EXERCISE INSTRUCTIONS:
Transcribe, word for word and without additions, each line below from the one containing "#1 car [53,491,199,571]" through the one containing "#7 bicycle <box>242,647,257,673</box>", both ends included.

——————

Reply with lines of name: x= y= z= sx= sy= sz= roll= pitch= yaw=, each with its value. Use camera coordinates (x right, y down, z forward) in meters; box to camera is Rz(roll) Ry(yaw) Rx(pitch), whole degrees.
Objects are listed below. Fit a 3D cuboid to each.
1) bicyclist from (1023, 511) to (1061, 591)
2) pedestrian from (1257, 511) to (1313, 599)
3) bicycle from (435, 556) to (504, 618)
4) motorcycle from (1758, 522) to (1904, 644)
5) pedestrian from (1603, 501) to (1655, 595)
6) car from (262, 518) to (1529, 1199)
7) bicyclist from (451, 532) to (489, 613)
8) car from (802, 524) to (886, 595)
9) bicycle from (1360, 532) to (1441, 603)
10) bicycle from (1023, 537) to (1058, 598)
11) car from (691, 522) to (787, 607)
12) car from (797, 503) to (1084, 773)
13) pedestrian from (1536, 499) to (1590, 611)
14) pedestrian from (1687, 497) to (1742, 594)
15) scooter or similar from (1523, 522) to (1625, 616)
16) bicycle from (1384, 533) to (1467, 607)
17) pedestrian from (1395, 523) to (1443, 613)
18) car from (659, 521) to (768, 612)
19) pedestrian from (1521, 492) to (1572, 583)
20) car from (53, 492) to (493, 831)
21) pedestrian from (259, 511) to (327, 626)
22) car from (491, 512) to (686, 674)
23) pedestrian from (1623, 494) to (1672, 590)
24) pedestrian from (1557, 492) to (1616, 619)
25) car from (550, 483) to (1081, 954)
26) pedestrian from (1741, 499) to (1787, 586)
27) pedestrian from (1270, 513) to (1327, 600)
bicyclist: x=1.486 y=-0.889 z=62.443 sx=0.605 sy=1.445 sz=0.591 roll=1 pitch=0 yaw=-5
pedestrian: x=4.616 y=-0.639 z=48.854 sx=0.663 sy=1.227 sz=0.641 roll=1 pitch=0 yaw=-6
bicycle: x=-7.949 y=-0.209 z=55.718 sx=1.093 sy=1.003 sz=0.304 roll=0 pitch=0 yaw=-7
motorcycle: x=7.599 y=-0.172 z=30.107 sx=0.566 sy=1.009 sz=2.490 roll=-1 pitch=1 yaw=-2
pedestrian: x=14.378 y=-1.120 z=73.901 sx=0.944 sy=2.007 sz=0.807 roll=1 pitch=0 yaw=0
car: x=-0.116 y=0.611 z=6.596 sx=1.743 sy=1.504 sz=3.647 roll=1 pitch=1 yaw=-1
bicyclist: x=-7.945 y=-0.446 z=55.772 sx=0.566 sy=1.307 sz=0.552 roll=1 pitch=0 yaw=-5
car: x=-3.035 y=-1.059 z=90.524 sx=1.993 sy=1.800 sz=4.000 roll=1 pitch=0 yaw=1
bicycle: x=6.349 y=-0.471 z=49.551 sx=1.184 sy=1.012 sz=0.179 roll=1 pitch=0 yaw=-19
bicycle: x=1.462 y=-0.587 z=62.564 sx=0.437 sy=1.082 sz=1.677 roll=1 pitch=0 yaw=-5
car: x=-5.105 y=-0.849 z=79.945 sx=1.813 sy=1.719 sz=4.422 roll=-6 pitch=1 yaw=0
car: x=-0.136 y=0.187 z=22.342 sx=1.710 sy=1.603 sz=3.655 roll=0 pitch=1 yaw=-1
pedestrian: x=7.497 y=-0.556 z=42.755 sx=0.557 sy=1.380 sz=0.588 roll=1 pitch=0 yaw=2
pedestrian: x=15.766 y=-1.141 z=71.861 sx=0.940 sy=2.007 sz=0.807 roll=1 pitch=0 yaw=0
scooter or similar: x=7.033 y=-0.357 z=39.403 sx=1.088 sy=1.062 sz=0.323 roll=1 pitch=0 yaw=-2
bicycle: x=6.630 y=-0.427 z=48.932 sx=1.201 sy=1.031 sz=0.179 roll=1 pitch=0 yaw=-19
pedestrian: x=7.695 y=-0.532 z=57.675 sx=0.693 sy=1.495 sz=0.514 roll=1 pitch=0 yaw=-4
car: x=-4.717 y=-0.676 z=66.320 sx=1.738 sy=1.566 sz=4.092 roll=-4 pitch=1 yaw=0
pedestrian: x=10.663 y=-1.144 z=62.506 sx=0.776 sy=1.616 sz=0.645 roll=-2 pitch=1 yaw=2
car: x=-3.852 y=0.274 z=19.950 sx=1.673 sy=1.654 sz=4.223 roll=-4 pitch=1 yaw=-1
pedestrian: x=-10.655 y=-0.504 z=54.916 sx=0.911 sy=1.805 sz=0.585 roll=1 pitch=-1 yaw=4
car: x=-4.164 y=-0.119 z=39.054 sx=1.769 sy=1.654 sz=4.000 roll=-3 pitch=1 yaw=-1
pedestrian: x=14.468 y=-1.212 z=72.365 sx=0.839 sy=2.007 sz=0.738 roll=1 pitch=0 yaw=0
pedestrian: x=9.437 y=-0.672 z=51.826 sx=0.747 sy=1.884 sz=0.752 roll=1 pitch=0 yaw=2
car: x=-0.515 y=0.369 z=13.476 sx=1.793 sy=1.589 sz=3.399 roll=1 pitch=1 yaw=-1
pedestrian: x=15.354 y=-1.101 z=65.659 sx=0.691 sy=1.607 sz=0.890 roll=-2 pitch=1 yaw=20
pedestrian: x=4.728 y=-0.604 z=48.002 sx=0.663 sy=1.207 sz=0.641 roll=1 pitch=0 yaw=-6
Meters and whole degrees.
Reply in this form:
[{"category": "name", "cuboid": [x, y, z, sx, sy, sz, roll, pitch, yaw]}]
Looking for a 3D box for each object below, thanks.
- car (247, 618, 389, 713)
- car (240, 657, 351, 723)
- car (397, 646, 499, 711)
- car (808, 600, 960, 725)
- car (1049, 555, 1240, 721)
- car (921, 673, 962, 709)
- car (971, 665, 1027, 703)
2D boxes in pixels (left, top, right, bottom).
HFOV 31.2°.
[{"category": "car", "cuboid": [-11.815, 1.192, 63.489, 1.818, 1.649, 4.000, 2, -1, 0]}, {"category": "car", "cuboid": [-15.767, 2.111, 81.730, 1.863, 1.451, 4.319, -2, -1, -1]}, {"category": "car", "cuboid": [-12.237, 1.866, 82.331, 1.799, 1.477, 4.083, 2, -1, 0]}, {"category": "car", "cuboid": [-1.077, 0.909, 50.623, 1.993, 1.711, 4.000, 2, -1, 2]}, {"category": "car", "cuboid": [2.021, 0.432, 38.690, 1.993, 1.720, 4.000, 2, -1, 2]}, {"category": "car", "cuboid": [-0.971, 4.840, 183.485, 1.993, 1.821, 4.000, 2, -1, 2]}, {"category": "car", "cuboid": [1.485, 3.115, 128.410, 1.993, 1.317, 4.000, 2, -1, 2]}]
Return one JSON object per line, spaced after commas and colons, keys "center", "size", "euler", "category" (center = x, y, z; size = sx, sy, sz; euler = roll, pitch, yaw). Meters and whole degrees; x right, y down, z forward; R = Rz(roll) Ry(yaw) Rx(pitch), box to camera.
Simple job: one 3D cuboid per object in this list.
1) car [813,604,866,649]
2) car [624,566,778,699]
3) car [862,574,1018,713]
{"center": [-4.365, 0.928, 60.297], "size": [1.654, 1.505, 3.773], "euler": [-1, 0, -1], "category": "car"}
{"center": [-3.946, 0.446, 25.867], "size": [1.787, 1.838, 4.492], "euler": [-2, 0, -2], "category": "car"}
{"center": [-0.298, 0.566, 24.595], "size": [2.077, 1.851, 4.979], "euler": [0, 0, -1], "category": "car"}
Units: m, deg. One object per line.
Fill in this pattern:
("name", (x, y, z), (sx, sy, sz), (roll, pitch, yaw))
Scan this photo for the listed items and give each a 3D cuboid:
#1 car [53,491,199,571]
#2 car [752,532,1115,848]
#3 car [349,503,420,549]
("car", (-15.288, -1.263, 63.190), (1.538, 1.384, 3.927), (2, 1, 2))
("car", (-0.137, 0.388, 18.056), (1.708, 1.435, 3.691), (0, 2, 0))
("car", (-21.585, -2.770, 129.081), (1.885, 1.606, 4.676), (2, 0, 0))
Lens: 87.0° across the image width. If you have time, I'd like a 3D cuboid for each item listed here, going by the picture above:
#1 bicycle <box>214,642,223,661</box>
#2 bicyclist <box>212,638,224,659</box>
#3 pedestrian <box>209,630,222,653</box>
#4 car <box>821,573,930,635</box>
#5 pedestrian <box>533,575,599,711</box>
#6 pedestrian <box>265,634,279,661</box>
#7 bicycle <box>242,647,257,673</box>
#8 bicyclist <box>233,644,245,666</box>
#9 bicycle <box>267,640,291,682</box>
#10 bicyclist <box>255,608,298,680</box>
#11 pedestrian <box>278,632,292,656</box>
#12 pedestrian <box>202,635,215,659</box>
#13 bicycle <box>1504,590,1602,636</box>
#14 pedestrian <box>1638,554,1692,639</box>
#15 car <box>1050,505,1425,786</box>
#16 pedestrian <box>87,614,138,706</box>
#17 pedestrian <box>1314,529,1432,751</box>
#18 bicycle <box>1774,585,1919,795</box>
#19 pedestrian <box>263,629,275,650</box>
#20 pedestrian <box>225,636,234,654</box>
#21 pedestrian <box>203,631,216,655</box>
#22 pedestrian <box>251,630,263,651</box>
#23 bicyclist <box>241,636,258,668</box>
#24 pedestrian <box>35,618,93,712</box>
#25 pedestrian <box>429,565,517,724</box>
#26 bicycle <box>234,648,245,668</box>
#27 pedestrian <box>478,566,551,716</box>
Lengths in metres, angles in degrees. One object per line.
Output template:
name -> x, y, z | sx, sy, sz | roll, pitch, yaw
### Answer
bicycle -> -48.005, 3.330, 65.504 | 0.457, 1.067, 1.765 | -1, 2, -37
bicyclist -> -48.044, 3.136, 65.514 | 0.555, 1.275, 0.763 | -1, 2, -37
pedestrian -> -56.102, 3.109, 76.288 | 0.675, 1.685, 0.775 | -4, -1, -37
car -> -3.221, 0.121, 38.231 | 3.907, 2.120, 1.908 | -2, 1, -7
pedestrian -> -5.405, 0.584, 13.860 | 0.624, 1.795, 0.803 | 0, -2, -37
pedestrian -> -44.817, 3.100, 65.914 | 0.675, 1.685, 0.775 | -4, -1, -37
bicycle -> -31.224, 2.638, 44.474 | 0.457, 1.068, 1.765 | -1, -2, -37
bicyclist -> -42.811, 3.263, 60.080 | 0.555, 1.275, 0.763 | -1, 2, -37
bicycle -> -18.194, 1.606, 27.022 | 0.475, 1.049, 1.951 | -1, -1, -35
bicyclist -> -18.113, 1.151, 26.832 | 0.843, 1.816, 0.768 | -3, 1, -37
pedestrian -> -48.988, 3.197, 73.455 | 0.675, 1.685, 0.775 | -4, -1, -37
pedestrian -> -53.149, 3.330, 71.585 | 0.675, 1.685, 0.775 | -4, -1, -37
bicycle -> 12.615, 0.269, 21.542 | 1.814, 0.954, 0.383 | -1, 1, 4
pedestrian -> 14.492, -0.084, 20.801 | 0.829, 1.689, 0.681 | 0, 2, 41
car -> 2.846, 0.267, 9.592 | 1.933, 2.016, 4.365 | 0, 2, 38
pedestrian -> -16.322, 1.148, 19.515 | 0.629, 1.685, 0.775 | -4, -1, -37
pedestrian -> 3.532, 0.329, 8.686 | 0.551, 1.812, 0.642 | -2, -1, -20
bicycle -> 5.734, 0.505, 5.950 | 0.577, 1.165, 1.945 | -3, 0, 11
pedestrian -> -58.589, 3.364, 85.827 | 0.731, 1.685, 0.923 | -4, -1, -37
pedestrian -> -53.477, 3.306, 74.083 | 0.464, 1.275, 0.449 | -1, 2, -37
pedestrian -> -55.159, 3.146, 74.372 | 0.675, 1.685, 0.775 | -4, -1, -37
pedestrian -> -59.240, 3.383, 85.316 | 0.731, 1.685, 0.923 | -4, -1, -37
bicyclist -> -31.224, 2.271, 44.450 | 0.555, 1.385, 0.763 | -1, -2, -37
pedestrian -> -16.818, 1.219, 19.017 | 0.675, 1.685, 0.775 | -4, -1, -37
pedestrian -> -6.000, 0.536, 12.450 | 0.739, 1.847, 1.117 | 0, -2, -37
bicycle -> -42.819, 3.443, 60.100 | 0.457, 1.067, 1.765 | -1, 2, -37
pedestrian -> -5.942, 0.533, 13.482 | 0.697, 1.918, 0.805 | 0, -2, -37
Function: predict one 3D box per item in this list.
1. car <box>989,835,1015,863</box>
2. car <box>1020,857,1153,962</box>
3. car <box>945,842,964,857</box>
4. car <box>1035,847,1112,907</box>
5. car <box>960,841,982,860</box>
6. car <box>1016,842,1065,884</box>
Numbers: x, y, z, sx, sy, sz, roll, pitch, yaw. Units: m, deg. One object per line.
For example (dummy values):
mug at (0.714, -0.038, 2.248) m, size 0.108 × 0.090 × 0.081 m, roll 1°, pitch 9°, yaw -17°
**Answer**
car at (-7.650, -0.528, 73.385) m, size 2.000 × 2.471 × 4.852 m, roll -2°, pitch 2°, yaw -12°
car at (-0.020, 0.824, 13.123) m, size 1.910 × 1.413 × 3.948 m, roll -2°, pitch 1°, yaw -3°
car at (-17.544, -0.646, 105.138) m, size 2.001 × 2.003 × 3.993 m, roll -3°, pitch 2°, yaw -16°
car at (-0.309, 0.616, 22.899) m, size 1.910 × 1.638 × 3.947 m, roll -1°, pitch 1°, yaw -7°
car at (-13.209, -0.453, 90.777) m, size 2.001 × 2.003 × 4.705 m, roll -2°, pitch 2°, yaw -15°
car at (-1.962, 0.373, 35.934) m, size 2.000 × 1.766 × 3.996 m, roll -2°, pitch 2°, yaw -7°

——————

THE ANSWER:
#1 car [53,491,199,571]
#2 car [752,532,1115,848]
#3 car [349,503,420,549]
("car", (-15.288, -1.263, 63.190), (1.538, 1.384, 3.927), (2, 1, 2))
("car", (-0.137, 0.388, 18.056), (1.708, 1.435, 3.691), (0, 2, 0))
("car", (-21.585, -2.770, 129.081), (1.885, 1.606, 4.676), (2, 0, 0))
Lens: 87.0° across the image width. If you have time, I'd like a 3D cuboid for each item listed here, going by the picture above:
#1 bicycle <box>214,642,223,661</box>
#2 bicyclist <box>212,638,224,659</box>
#3 pedestrian <box>209,630,222,653</box>
#4 car <box>821,573,930,635</box>
#5 pedestrian <box>533,575,599,711</box>
#6 pedestrian <box>265,634,279,661</box>
#7 bicycle <box>242,647,257,673</box>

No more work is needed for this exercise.